In 2015, the state approved the authority’s plan to become part of the Pennsylvania watershed protection program. Run by the state Department of Environmental Protection, the program can provide money for public education, installing riparian buffers, building wetlands that mitigate stormwater surges, and repairing stream banks, among other activities. In fiscal 2015, the state awarded $3.26 million in U.S. EPA grants to manage nonpoint source pollution in 11 counties.
The first step, as in the safe water program, is to gather information, says Joe Pezzino, chief operator: “It takes a bunch of years to evaluate everything in an area.” That will include gathering information on gas stations with underground storage tanks that may leak, on agricultural runoff sources, and on companies that work with hazardous materials. “It’s basically pulling together all the facts so we can do a full assessment of what in the area could harm our water sources, and from that point figuring out what our best actions would be,” Pezzino says.

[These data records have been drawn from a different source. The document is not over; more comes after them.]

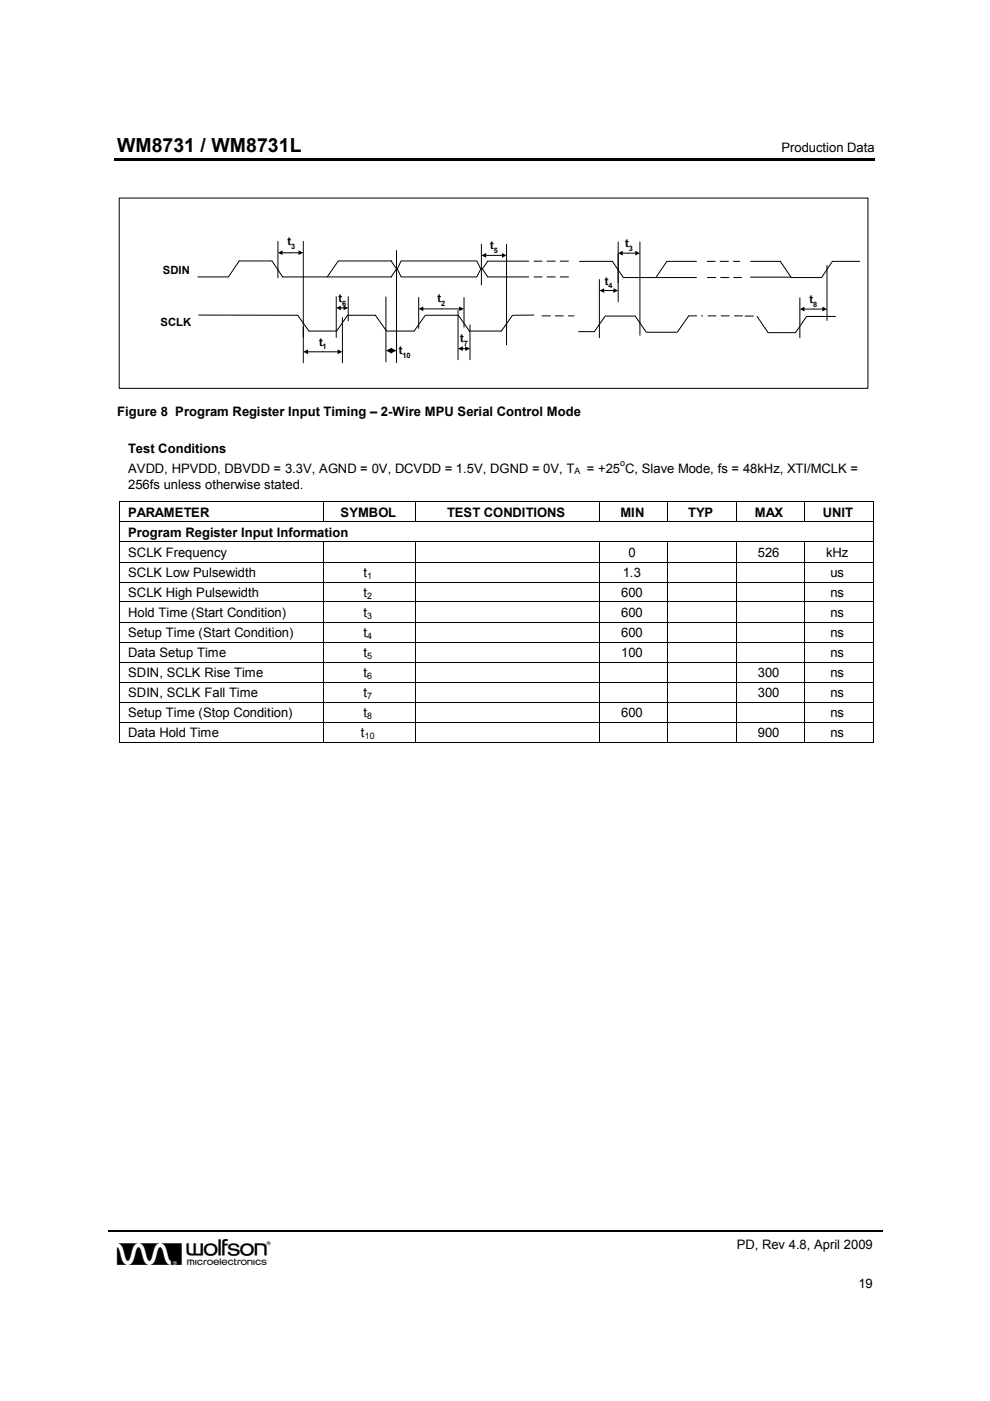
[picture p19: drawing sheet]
<svg xmlns="http://www.w3.org/2000/svg" width="210mm" height="297mm" viewBox="0 0 210 297" stroke-linecap="round" stroke-linejoin="round" font-family="sans-serif">
<defs><g id="words">
<text font-size="6.9" x="24.8" y="268.3">w</text>
<text font-size="4.1" x="24.8" y="32.3">WM8731 / WM8731L</text>
<g font-size="2.8">
<text x="165.7" y="32.3">Production Data</text>
<text x="24.8" y="88.3">Figure 8 Program Register Input Timing – 2-Wire MPU Serial Control Mode</text>
<text x="27.2" y="96.1">Test Conditions</text>
<text x="27.2" y="100.2">AVDD, HPVDD, DBVDD = 3.3V, AGND = 0V, DCVDD = 1.5V, DGND = 0V, T</text>
<text x="124.4" y="100.2">= +25 C, Slave Mode, fs = 48kHz, XTI/MCLK =</text>
<text x="27.2" y="103.6">256fs unless otherwise stated.</text>
<text x="27.2" y="113.8">Program Register Input Information</text>
<text x="27.2" y="109.6">PARAMETER</text>
<text x="72.2" y="109.6">SYMBOL</text>
<text x="94.8" y="109.6">TEST CONDITIONS</text>
<text x="131.5" y="109.6">MIN</text>
<text x="145.9" y="109.6">TYP</text>
<text x="160" y="109.6">MAX</text>
<text x="174.5" y="109.6">UNIT</text>
<text x="27.2" y="118.1">SCLK Frequency</text>
<text x="133.2" y="118.1">0</text>
<text x="160.7" y="118.1">526</text>
<text x="175.1" y="118.1">kHz</text>
<text x="27.2" y="122.3">SCLK Low Pulsewidth</text>
<text x="77.1" y="122.4">t</text>
<text x="132" y="122.4">1.3</text>
<text x="176.1" y="122.4">us</text>
<text x="27.2" y="126.6">SCLK High Pulsewidth</text>
<text x="27.2" y="130.8">Hold Time (Start Condition)</text>
<text x="77.1" y="126.6">t</text>
<text x="77.1" y="130.9">t</text>
<text x="131.7" y="126.6">600</text>
<text x="131.7" y="130.9">600</text>
<text x="176.1" y="126.6">ns</text>
<text x="176.1" y="130.9">ns</text>
<text x="27.2" y="135.1">Setup Time (Start Condition)</text>
<text x="77.1" y="135.1">t</text>
<text x="131.7" y="135.1">600</text>
<text x="176.1" y="135.1">ns</text>
<text x="27.2" y="139.3">Data Setup Time</text>
<text x="27.2" y="143.6">SDIN, SCLK Rise Time</text>
<text x="77.1" y="139.4">t</text>
<text x="77.1" y="143.6">t</text>
<text x="131.7" y="139.4">100</text>
<text x="160.7" y="143.6">300</text>
<text x="176.1" y="139.4">ns</text>
<text x="176.1" y="143.6">ns</text>
<text x="27.2" y="147.8">SDIN, SCLK Fall Time</text>
<text x="77.1" y="147.8">t</text>
<text x="160.7" y="147.8">300</text>
<text x="176.1" y="147.8">ns</text>
<text x="27.2" y="152.1">Setup Time (Stop Condition)</text>
<text x="77.1" y="152.1">t</text>
<text x="131.7" y="152.1">600</text>
<text x="176.1" y="152.1">ns</text>
<text x="27.2" y="156.3">Data Hold Time</text>
<text x="76.5" y="156.3">t</text>
<text x="160.7" y="156.3">900</text>
<text x="176.1" y="156.3">ns</text>
<text x="156.2" y="264.9">PD, Rev 4.8, April 2009</text>
<text x="182" y="273.1">19</text>
</g>
<g font-size="2.4">
<text x="61" y="52">t</text>
<text x="103.9" y="52.8">t</text>
<text x="132.5" y="52.4">t</text>
<text x="34.5" y="58.2">SDIN</text>
<text x="71.8" y="64">t</text>
<text x="92.8" y="64.1">t</text>
<text x="128.2" y="60.3">t</text>
<text x="171.7" y="64.2">t</text>
<text x="34" y="69.2">SCLK</text>
<text x="67.6" y="73.3">t</text>
<text x="84.5" y="75.1">t</text>
<text x="97.5" y="72.6">t</text>
</g>
<g font-size="1.9">
<text x="121.8" y="100.5">A</text>
<text x="131.5" y="98.8">o</text>
<text x="77.9" y="122.7">1</text>
<text x="77.9" y="127">2</text>
<text x="77.9" y="131.2">3</text>
<text x="77.9" y="135.4">4</text>
<text x="77.9" y="139.7">5</text>
<text x="77.9" y="143.9">6</text>
<text x="77.9" y="148.2">7</text>
<text x="77.9" y="152.4">8</text>
<text x="77.3" y="156.7">10</text>
</g>
<g font-size="1.6">
<text x="61.7" y="52.8">3</text>
<text x="104.7" y="53.6">5</text>
<text x="133.3" y="53.2">3</text>
<text x="72.5" y="64.8">6</text>
<text x="93.6" y="64.9">2</text>
<text x="129" y="61.1">4</text>
<text x="172.4" y="65">8</text>
<text x="68.4" y="74">1</text>
<text x="85.3" y="75.9">10</text>
<text x="98.3" y="73.4">7</text>
</g>
</g></defs>
<path d="M24.3 33.5h161.2v.5h-161.2z" fill="#000"/>
<path d="M23 260.9h164.3" fill="none" stroke="#000" stroke-width=".34"/>
<g fill="none" stroke="#000" stroke-width=".21">
<path d="M25.3 42h158.7v40.3h-158.7zM42 58.7h6.4l2.3-3.4h7l2.2 3.4h23.2M71.7 55.3l-2.3 3.4M71.8 55.3h11.3M82.9 55.3l1.2 1.7-1.2 1.7M85 55.3h16.1l.8 1.7-.8 1.7h-16.1l-.8-1.7zM112.1 55.4h-8.7l-1.1 1.6 1.1 1.7h8.7M113.2 58.7h1.7M113.2 55.4h1.7M116 58.7h1.7M116 55.4h1.7M118.8 55.4h1.7"/>
<path d="M118.8 58.7h1.7M42.1 66.8h21l2.4 3.4h5.9l2.3-3.4h5.9l2.4 3.4h5.8l2.4-3.4M90.3 66.8h6.8M97.2 66.9l2.4 3.3M108.7 66.8l-2.4 3.4h-6.9M113.2 66.8h-4.4M114.9 67h1.8M117.7 67h1.7M120.5 67h1.2"/>
</g>
<path d="M58.9 51.2v7.7zM64.3 51.2v20.3z" fill-rule="evenodd" fill="#fff" stroke="#000" stroke-width=".21"/>
<path d="M59.8 53.6h3.7" fill="none" stroke="#000" stroke-width=".21"/>
<path d="M58.9 53.6l1-.5v1zM63.3 53.1l1 .5-1 .5z" fill="#000"/>
<path d="M64.3 69.3v7.6zM72.6 67.3v9.6z" fill-rule="evenodd" fill="#fff" stroke="#000" stroke-width=".21"/>
<path d="M65.2 74.6h6.5" fill="none" stroke="#000" stroke-width=".21"/>
<path d="M64.3 74.6l1-.5v1zM71.6 74.1l1 .5-1 .5z" fill="#000"/>
<path d="M71.3 62.9v8.6zM73.8 62.9v5.1z" fill-rule="evenodd" fill="#fff" stroke="#000" stroke-width=".21"/>
<path d="M72.1 65.3h.9" fill="none" stroke="#000" stroke-width=".21"/>
<path d="M71.3 65.3l1-.5v1zM72.9 64.8l.9 .5-.9 .5z" fill="#000"/>
<path d="M88.8 63.1v6.5zM98.4 63.1v6.3z" fill-rule="evenodd" fill="#fff" stroke="#000" stroke-width=".21"/>
<path d="M89.7 65.5h7.8" fill="none" stroke="#000" stroke-width=".21"/>
<path d="M88.8 65.5l.9-.5v1zM97.4 65l1 .5-1 .5z" fill="#000"/>
<path d="M97.1 65.8v10.5zM99.7 68.9v7.4z" fill-rule="evenodd" fill="#fff" stroke="#000" stroke-width=".21"/>
<path d="M98 73.9h.8" fill="none" stroke="#000" stroke-width=".21"/>
<path d="M97.1 73.9l1-.5v1zM98.6 73.4l1.1 .5-1.1 .5z" fill="#000"/>
<path d="M102.1 51.8v8.6zM107.4 51.8v21.3z" fill-rule="evenodd" fill="#fff" stroke="#000" stroke-width=".21"/>
<g fill="none" stroke="#000" stroke-width=".21">
<path d="M103 54.1h3.6M122.9 55.4h6.9l2.4 3.4h15.5M147.7 55.4h-6.3l-2.3 3.4M149.9 55.4h1.7M150 58.8h1.7M152.7 55.4h1.7M152.8 58.8h1.7M155.5 55.4h1.3M155.6 58.8h1.6M159.1 58.8h8.6M182.3 55.4h-5.8l-2.3 3.4h-6.4l-2.4-3.4h-6.2M122.7 70.3h3.2"/>
<path d="M128.3 67l-2.3 3.4M128.4 67h6.3M134.7 67.1l2.3 3.3M137.2 70.4h6.2M146 67.1l-2.4 3.3M146 67h1.7M148.8 67h.2M150.1 67h1.7M152.9 67h1.7M155.7 67h1.7M158 67h1.7M160.5 67.1l2.4 3.4h5.8l2.3-3.4"/>
<path d="M171 67.1h6.1"/>
</g>
<path d="M102.1 54.1l1-.5v1.1zM106.4 53.6l1 .5-1 .6z" fill="#000"/>
<path d="M127.1 59.3v12.3zM131.1 53.8v10.2z" fill-rule="evenodd" fill="#fff" stroke="#000" stroke-width=".21"/>
<path d="M127.9 61.6h2.2" fill="none" stroke="#000" stroke-width=".21"/>
<path d="M127.1 61.6l1-.5v1zM130 61.1l1.1 .5-1.1 .5z" fill="#000"/>
<path d="M131.1 51.3v8.6zM135.7 51.3v19.8z" fill-rule="evenodd" fill="#fff" stroke="#000" stroke-width=".21"/>
<path d="M131.9 53.7h2.9" fill="none" stroke="#000" stroke-width=".21"/>
<path d="M131.1 53.7l.9-.5v1zM134.7 53.2l1 .5-1 .5z" fill="#000"/>
<path d="M169.6 63.2v8.4zM175.3 56.3v11.6z" fill-rule="evenodd" fill="#fff" stroke="#000" stroke-width=".21"/>
<g fill="none" stroke="#000" stroke-width=".21">
<path d="M84.1 53.1v23.8M81.8 62.9v13.8M82.9 74.3h.1M170.5 65.5h4M25.2 106.4h160M25.2 110.7h160M25.2 114.9h160M25.2 119.2h160M25.3 106.5v4.1M25.3 110.7v4.1M25.3 115v4.1M25.3 119.3v4"/>
<path d="M68.6 106.5v4.1M68.6 115v4.1M68.6 119.3v4M88.1 106.5v4.1M88.1 115v4.1M88.1 119.3v4M127.1 106.5v4.1M127.1 115v4.1M127.1 119.3v4M141.6 106.5v4.1M141.6 115v4.1M141.6 119.3v4"/>
<path d="M156.1 106.5v4.1M156.1 115v4.1M156.1 119.3v4M170.6 106.5v4.1M170.6 115v4.1M170.6 119.3v4M185.1 106.5v4.1M185.1 110.7v4.1M185.1 115v4.1M185.1 119.3v4M25.2 123.4h160M25.2 127.6h160"/>
<path d="M25.2 131.9h160M25.2 136.1h160M25.3 123.5v4M25.3 127.7v4.1M25.3 132v4.1M25.3 136.2v4.1M68.6 123.5v4M68.6 127.7v4.1M68.6 132v4.1M68.6 136.2v4.1M88.1 123.5v4M88.1 127.7v4.1"/>
<path d="M88.1 132v4.1M88.1 136.2v4.1M127.1 123.5v4M127.1 127.7v4.1M127.1 132v4.1M127.1 136.2v4.1M141.6 123.5v4M141.6 127.7v4.1M141.6 132v4.1M141.6 136.2v4.1M156.1 123.5v4M156.1 127.7v4.1"/>
<path d="M156.1 132v4.1M156.1 136.2v4.1M170.6 123.5v4M170.6 127.7v4.1M170.6 132v4.1M170.6 136.2v4.1M185.1 123.5v4M185.1 127.7v4.1M185.1 132v4.1M185.1 136.2v4.1M25.2 140.4h160M25.2 144.6h160"/>
<path d="M25.2 148.9h160M25.2 153.1h160M25.2 157.4h43.3M25.3 140.5v4M25.3 144.7v4.1M25.3 149v4M25.3 153.2v4.2M68.6 140.5v4M68.6 144.7v4.1M68.6 149v4M68.6 153.2v4.2M68.7 157.4h19.4"/>
<path d="M88.1 140.5v4M88.1 144.7v4.1M88.1 149v4M88.1 153.2v4.2M88.2 157.4h38.8M127.1 140.5v4M127.1 144.7v4.1M127.1 149v4M127.1 153.2v4.2M127.1 157.4h14.4M141.6 140.5v4M141.6 144.7v4.1"/>
<path d="M141.6 149v4M141.6 153.2v4.2M141.6 157.4h14.4M156.1 140.5v4M156.1 144.7v4.1M156.1 149v4M156.1 153.2v4.2M156.2 157.4h14.3M170.6 140.5v4M170.6 144.7v4.1M170.6 149v4M170.6 153.2v4.2"/>
<path d="M170.7 157.4h14.3M185.1 140.5v4M185.1 144.7v4.1M185.1 149v4M185.1 153.2v4.2"/>
</g>
<path d="M82.8 73.7l1.3 .6-1.3 .6zM81.8 74.3l1.3-.6v1.2zM169.6 65.5l1-.5v1zM174.4 65l.9 .5-.9 .5z" fill="#000"/>
<path d="M25.2 106.3h.2v.2h-.2zM185 106.3h.2v.2h-.2zM185 157.3h.2v.1h-.2z" fill="#000"/>
<use href="#words"/>
</svg>

The authority is starting small. The first project will be to post signs around the watershed advising people to dial 911 if they see a contaminant spill. Another option is to join the Ephrata Borough program to educate people against putting grass clippings in the street because of their potential to contribute nitrogen and phosphorus to waterways, and about being careful with detergents used to wash cars. More complicated actions will require more thought.
“If we wanted to restore the banks of streams that feed into Cocalico Creek, you’re talking big-dollar items to put in riparian buffers,” says Pezzino. For other projects, a partnership would make sense. For example, if the authority wanted to work with farmers to reduce nutrient loading in runoff, it would make more sense to partner with the Natural Resources Conservation Service, whose experts work with that issue all the time and know the people.